__PROBLEM REQUIREMENTS__: Of the material below, only the lines from the line containing "date: 1830-1860" down to the line containing "date: 1601-1700" belong in the answer, written out exactly.

__DATA EXCERPTS__:
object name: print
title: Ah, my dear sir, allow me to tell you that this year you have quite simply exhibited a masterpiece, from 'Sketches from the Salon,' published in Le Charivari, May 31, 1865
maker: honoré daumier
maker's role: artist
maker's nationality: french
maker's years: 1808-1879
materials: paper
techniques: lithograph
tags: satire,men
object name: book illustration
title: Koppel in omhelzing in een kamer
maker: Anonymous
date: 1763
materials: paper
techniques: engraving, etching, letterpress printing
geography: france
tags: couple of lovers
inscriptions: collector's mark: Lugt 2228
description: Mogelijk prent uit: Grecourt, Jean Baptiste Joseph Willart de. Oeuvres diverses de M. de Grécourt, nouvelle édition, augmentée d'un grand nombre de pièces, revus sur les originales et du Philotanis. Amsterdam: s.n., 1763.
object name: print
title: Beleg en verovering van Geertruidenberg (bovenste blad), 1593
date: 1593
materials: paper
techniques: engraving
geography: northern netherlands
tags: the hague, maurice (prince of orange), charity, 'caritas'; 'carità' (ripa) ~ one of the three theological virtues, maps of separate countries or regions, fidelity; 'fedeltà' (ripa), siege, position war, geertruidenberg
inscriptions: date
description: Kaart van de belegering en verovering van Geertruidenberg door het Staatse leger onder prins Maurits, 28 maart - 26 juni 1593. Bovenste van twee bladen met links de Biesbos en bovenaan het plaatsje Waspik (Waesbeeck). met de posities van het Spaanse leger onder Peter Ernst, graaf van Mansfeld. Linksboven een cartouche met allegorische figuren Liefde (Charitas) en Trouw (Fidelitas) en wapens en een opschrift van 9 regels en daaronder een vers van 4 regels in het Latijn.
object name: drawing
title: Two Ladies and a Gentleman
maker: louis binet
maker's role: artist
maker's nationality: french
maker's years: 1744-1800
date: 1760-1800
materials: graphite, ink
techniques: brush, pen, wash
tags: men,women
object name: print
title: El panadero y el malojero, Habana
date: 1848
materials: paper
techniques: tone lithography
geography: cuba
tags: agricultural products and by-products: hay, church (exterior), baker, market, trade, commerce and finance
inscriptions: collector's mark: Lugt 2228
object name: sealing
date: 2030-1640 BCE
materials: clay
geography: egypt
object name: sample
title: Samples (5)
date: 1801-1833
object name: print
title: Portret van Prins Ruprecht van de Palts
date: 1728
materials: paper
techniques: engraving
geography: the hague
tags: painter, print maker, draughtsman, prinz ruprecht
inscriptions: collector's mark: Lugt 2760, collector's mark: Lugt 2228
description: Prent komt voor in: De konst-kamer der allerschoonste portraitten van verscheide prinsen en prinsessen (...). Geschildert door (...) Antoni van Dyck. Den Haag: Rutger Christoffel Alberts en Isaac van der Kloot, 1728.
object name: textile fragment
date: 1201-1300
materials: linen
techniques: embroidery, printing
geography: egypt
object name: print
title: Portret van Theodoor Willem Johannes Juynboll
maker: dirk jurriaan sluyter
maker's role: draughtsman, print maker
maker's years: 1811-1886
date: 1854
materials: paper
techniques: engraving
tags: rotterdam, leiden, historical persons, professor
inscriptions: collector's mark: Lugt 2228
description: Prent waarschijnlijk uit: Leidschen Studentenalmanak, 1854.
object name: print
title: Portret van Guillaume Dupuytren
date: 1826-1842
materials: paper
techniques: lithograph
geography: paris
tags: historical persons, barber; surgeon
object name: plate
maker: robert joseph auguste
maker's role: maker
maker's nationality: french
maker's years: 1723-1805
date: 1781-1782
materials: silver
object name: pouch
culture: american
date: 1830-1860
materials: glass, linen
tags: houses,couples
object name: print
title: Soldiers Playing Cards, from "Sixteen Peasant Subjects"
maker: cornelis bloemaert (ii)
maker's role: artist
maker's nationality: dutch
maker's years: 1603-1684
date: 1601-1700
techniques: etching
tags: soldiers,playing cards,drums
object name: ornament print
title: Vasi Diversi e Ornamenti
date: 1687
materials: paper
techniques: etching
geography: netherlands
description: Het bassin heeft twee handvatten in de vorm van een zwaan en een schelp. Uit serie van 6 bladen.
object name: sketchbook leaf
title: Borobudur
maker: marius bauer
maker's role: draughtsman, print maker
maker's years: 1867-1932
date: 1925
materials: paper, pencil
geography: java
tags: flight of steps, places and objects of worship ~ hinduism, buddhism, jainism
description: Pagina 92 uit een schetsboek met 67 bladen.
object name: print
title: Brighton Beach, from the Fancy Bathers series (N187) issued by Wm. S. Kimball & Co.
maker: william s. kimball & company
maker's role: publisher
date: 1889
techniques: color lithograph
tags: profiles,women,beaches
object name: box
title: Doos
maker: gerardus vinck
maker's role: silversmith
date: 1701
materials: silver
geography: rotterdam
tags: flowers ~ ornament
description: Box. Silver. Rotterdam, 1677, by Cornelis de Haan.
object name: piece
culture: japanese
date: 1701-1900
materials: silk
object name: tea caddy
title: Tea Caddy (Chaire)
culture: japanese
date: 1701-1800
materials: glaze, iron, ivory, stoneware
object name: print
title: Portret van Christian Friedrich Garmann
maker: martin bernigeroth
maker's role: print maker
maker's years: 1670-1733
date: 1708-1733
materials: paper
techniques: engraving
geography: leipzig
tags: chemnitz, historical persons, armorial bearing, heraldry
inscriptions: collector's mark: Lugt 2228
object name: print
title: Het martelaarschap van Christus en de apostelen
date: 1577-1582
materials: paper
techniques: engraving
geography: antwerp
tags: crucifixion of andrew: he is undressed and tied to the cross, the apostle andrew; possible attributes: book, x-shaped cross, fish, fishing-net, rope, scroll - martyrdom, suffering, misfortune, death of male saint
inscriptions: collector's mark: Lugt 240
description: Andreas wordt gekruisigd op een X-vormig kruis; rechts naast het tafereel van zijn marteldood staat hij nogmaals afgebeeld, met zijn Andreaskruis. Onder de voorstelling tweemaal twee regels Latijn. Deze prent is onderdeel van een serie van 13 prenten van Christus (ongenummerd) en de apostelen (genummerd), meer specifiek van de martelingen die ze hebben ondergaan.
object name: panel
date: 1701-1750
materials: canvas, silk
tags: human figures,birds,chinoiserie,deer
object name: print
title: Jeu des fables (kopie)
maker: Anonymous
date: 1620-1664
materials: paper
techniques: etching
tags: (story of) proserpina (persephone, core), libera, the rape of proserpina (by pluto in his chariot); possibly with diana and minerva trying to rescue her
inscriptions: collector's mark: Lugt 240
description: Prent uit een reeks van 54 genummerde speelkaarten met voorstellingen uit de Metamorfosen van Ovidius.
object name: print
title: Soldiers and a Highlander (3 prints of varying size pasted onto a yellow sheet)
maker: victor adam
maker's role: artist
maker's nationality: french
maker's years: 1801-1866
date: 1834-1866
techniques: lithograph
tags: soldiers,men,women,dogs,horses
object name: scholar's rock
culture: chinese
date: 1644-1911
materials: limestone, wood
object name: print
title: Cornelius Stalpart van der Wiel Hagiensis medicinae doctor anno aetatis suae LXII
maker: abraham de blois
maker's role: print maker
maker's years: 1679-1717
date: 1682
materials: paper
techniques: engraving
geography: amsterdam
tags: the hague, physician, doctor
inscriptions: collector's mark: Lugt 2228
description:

__OUTPUT OF THE TASK__:
date: 1830-1860
materials: glass, linen
tags: houses,couples
object name: print
title: Soldiers Playing Cards, from "Sixteen Peasant Subjects"
maker: cornelis bloemaert (ii)
maker's role: artist
maker's nationality: dutch
maker's years: 1603-1684
date: 1601-1700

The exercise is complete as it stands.